On Monday, Dec. 28, 2020, four hours short of his 92nd birthday, Louis William “Bill” Noel passed away because of natural causes at Royal Plaza Care Facility.
Bill was born to Clara Noel (Crewdson) and Leo Noel on Dec. 29, 1928, in Yakima. One of five siblings, Bill grew up during the time our country was coming out of the Great Depression, and money and work were scarce. He left school at the age of 16 to help provide for the family. He often talked about his first job with Northwest Equipment in Spokane, where he participated in unloading the first McCullough chain saws in the Pacific Northwest. It was also there that he learned to drive. After exaggerating his driving skills to his boss, he was sent on a delivery. It was trial by fire, as the delivery car had a bad clutch, soft brakes and was unfortunately located in the middle of Spokane traffic. After a number of close calls, the 16-year-old Bill eventually lived up to his premature driving claims.
Eventually, Bill was moved into outside sales and was given a route that included Lewiston and Clarkston. It was during one of his deliveries to the Lewiston-Clarkston Valley that he met Agnes Carpenter at a dance. “She’s was platinum blonde when I first met her,” he would later brag to their grandchildren. The two were married Aug. 30, 1951. Bill and Agnes enjoyed traveling across the Pacific Northwest, as well as the East Coast, having many adventures in the process. Some of his favorite memories were traveling with her while searching for antiques and covered bridges. Bill’s commitment and devotion to Agnes was evident even through his final days.
The same year Bill and Agnes were married, he was drafted into the U.S. Army, where he was trained as a tank mechanic in Fort Hood, Texas. He was a member of the First Armored Division in Germany as part of the peacekeeping forces during the reconstruction period following WWII. Upon being honorably discharged in 1954, he returned to the area and tried his hand at various jobs before being hired at Hahn Supply. He left Hahn’s in 1961 to work for Seabrook Farms (later known as Twin City Foods). In 1964, he was offered a position with Hahn’s Supply again, this time as a purchasing agent. He was later promoted to assistant manager in charge of sales.

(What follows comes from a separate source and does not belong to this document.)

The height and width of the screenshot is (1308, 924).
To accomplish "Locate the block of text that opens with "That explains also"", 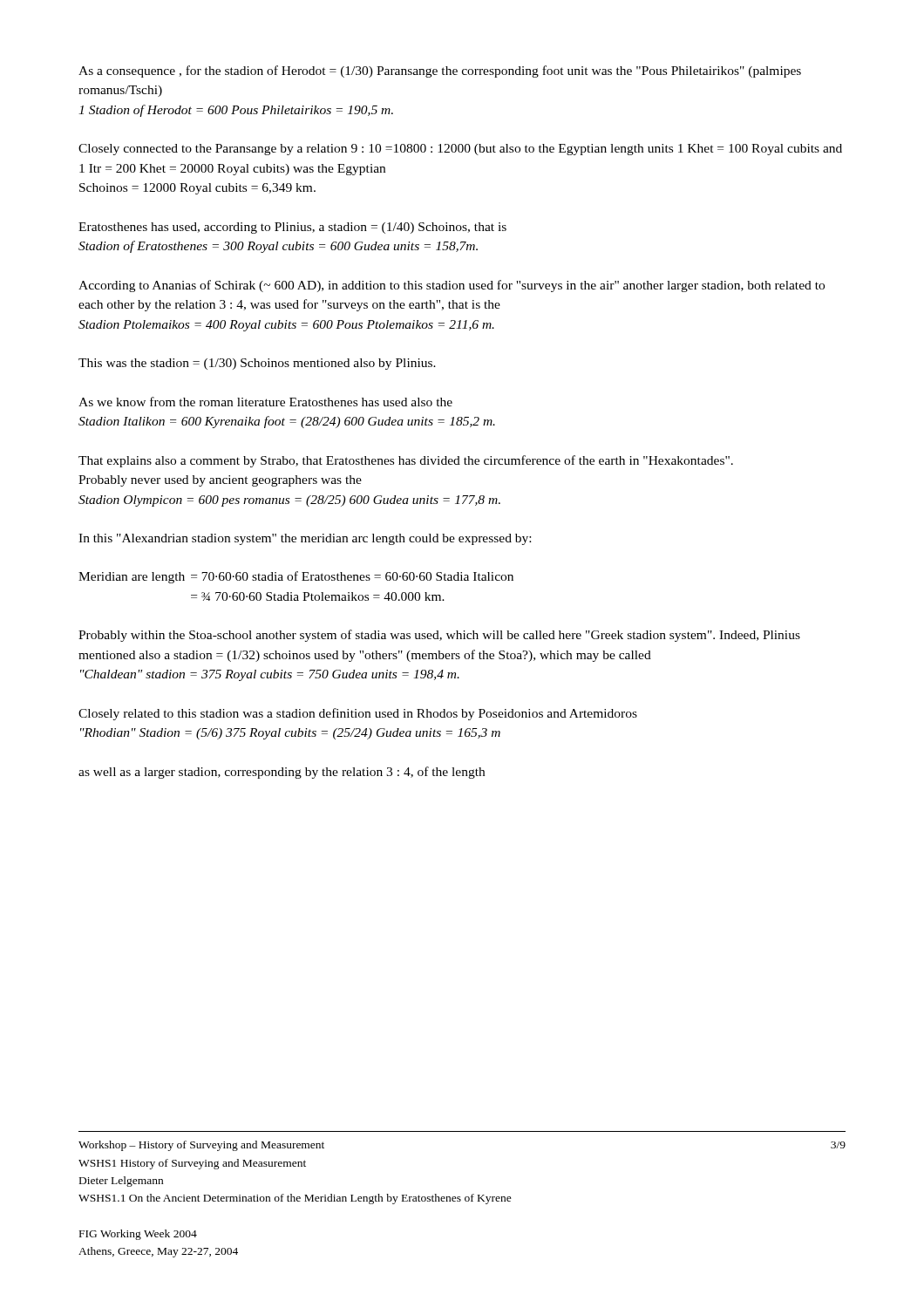I will point(406,461).

Over the years, Bill and Agnes developed a hobby that turned into a passion. While attending local auctions, they quickly became well-versed in the antique business. As their collection of antiques grew, so did Bill’s desire to go into business on his own. In 1973, he decided to take a giant leap in his career and pursue a dream. Bill, along with his good friend, Clint Johnson, attended the Western College of Auctioneering school in Bozeman, Mont. They both graduated at the top of their class.
By 1977, Bill and Agnes had started, built and managed the company Auction West. The business became successful enough that Bill was able to resign from Hahn’s Supply and run Auction West full time. He even managed to negotiate and hold the contract to auction the surplus for the Idaho Transportation Department during the 1990s. It was an occupation that he was well suited for. He was a man that ran a tight ship and still maintained the respect and friendship of his crew and a loyal group of patrons who became part of an extended family. In 1991, Bill semi-retired and handed off the day-to-day operations to his son, Michael, and daughter-in-law, Shirley. Even in retirement, both Bill and Agnes remained a vital part of Auction West. George Bernard Shaw is quoted as saying, “Happy is the man who can make a living by his hobby.” Bill took this philosophy to heart and became one of those rare individuals that was able to do just that. Auctioneering made him a happy man.
Some may be surprised to learn Bill was an accomplished wood carver. What started out as a necessity in making repairs to damaged antiques, developed into an artistic outlet. He was fond of carving and he and Agnes painted the whimsical characters and animals out of basswood. Agnes enjoyed incorporating his carvings into her holiday displays. This artistic talent extended into antique repair and served him well as he performed china and glass repairs professionally for people all over the world.
He was a man of many talents and interests, a man who leaves a legacy to be admired. He will be greatly missed.
Bill was preceded in death by his parents, Leo and Clara Noel; siblings Gerald, Frank, Richard and Emily; and daughter Susan Benscoter (Noel).
Survivors include his wife of 69 years, Agnes Noel; son Michael Noel; daughter-in-law Shirley Noel; grandchildren Christopher Noel, Elizabeth Aldrich (husband Ryan Aldrich), and Kelsey Benscoter; great-grandchildren Rj and Jamison Aldrich.
A graveside service will be held at 10 a.m. Jan. 18 at Normal Hill Cemetery. The family requests any donations be made to The Wounded Warriors Foundation, P.O. Box 758516, Topeka, KS 66675-8516.